▶ [Task to carry out] The word to find is "whether". State how many lines below contain it, giving only the number.

Segment Open

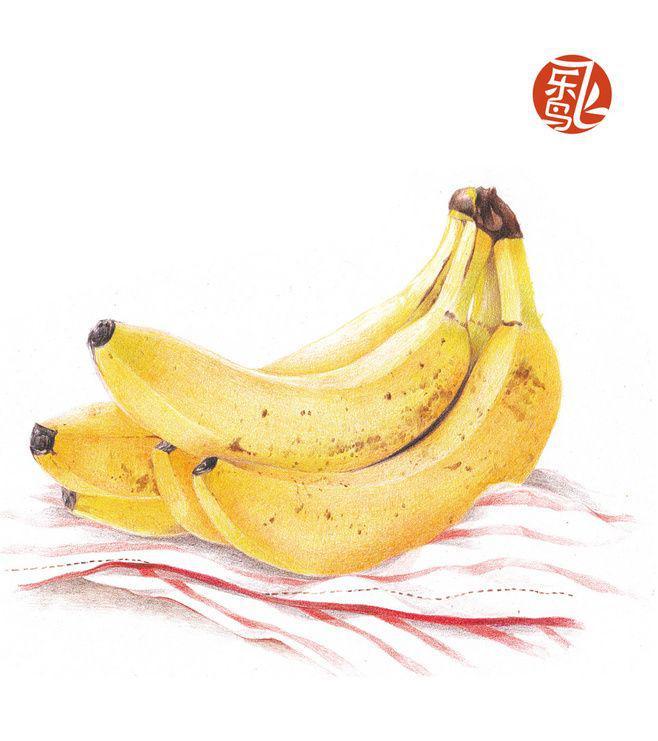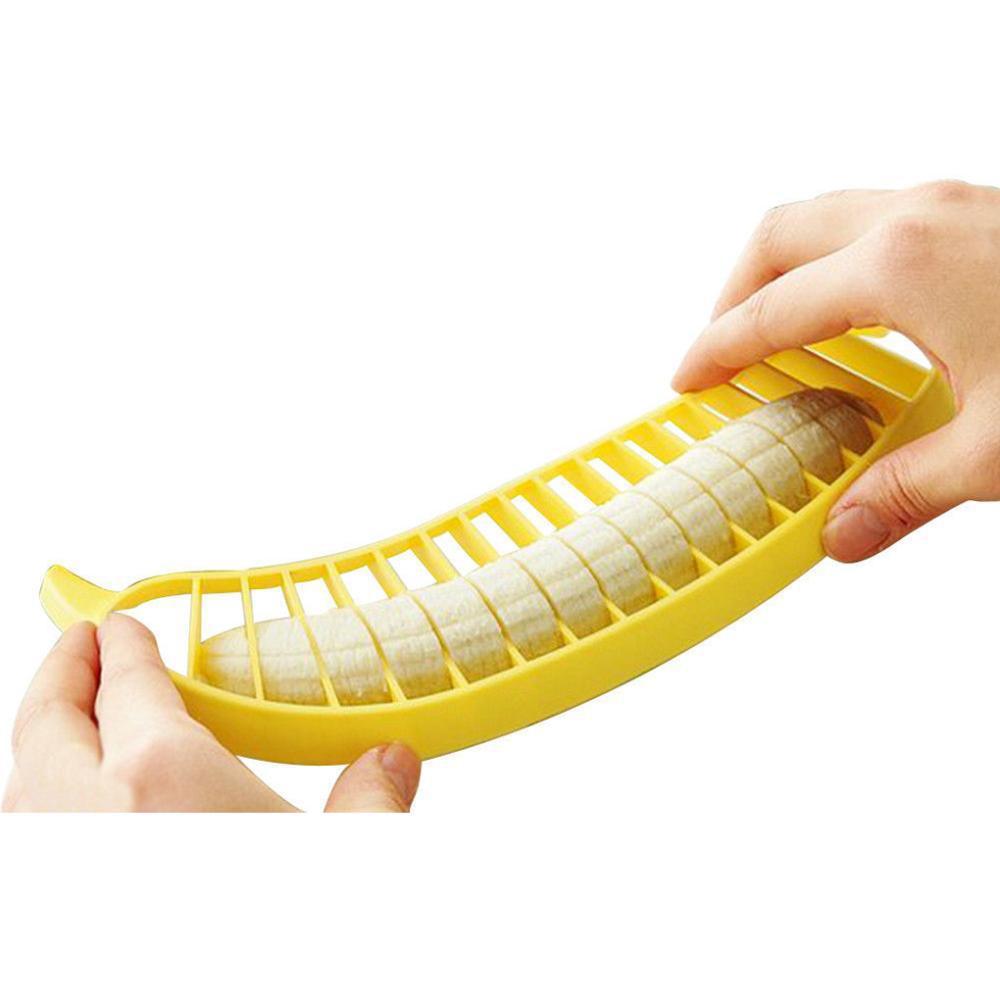The first image is the image on the left, the second image is the image on the right. Given the left and right images, does the statement "The left image contains a banana bunch with stems connected, and the right image includes at least part of an exposed, unpeeled banana." hold true? Answer yes or no. Yes. The first image is the image on the left, the second image is the image on the right. Assess this claim about the two images: "In one of the images, at least part of a banana has been cut into slices.". Correct or not? Answer yes or no. Yes. 
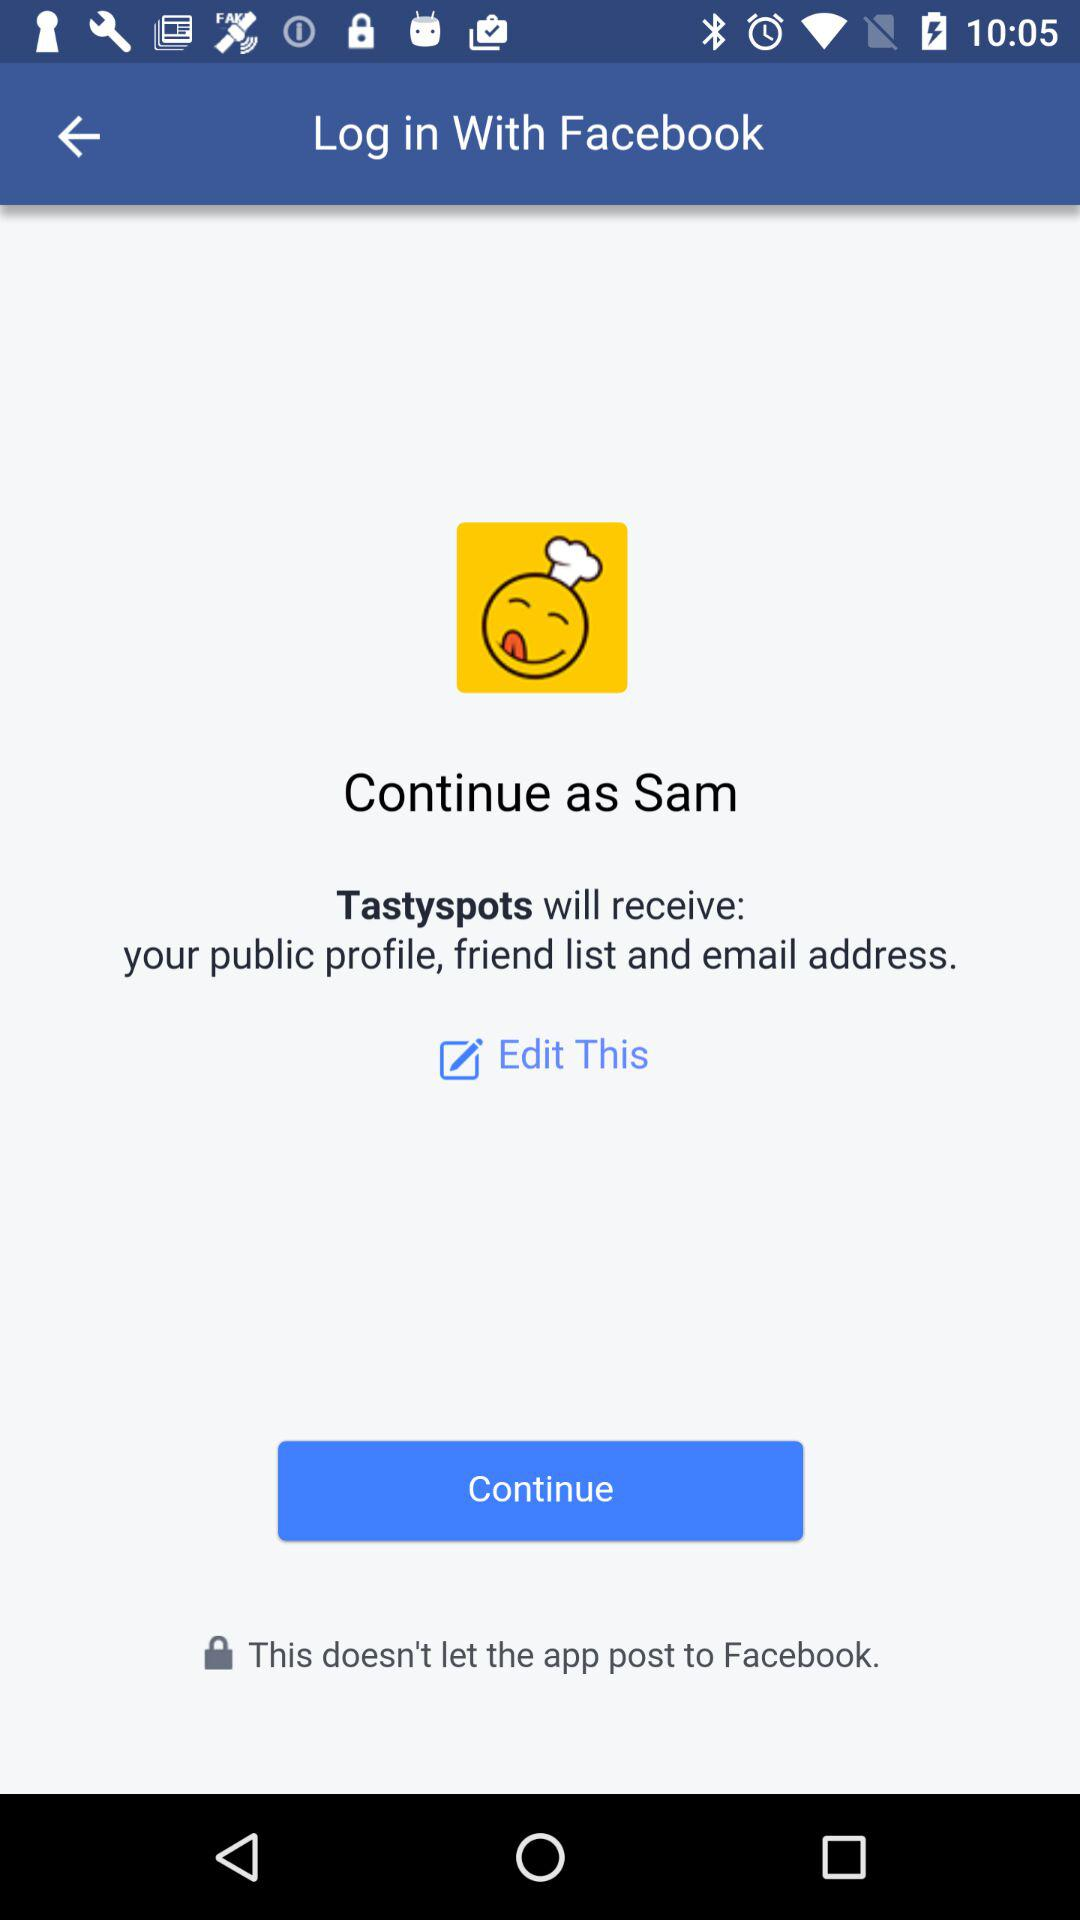What is the name of the user? The name of the user is Sam. 
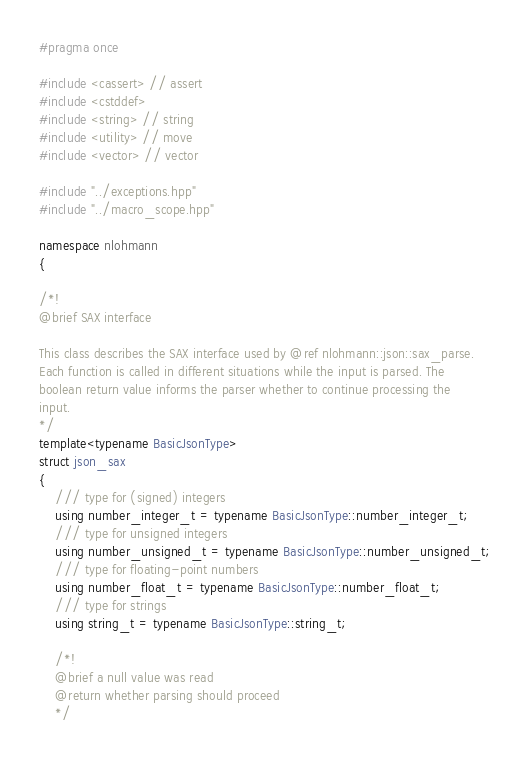Convert code to text. <code><loc_0><loc_0><loc_500><loc_500><_C++_>#pragma once

#include <cassert> // assert
#include <cstddef>
#include <string> // string
#include <utility> // move
#include <vector> // vector

#include "../exceptions.hpp"
#include "../macro_scope.hpp"

namespace nlohmann
{

/*!
@brief SAX interface

This class describes the SAX interface used by @ref nlohmann::json::sax_parse.
Each function is called in different situations while the input is parsed. The
boolean return value informs the parser whether to continue processing the
input.
*/
template<typename BasicJsonType>
struct json_sax
{
    /// type for (signed) integers
    using number_integer_t = typename BasicJsonType::number_integer_t;
    /// type for unsigned integers
    using number_unsigned_t = typename BasicJsonType::number_unsigned_t;
    /// type for floating-point numbers
    using number_float_t = typename BasicJsonType::number_float_t;
    /// type for strings
    using string_t = typename BasicJsonType::string_t;

    /*!
    @brief a null value was read
    @return whether parsing should proceed
    */</code>

Segment Closed

▶ [Solution to this problem] 2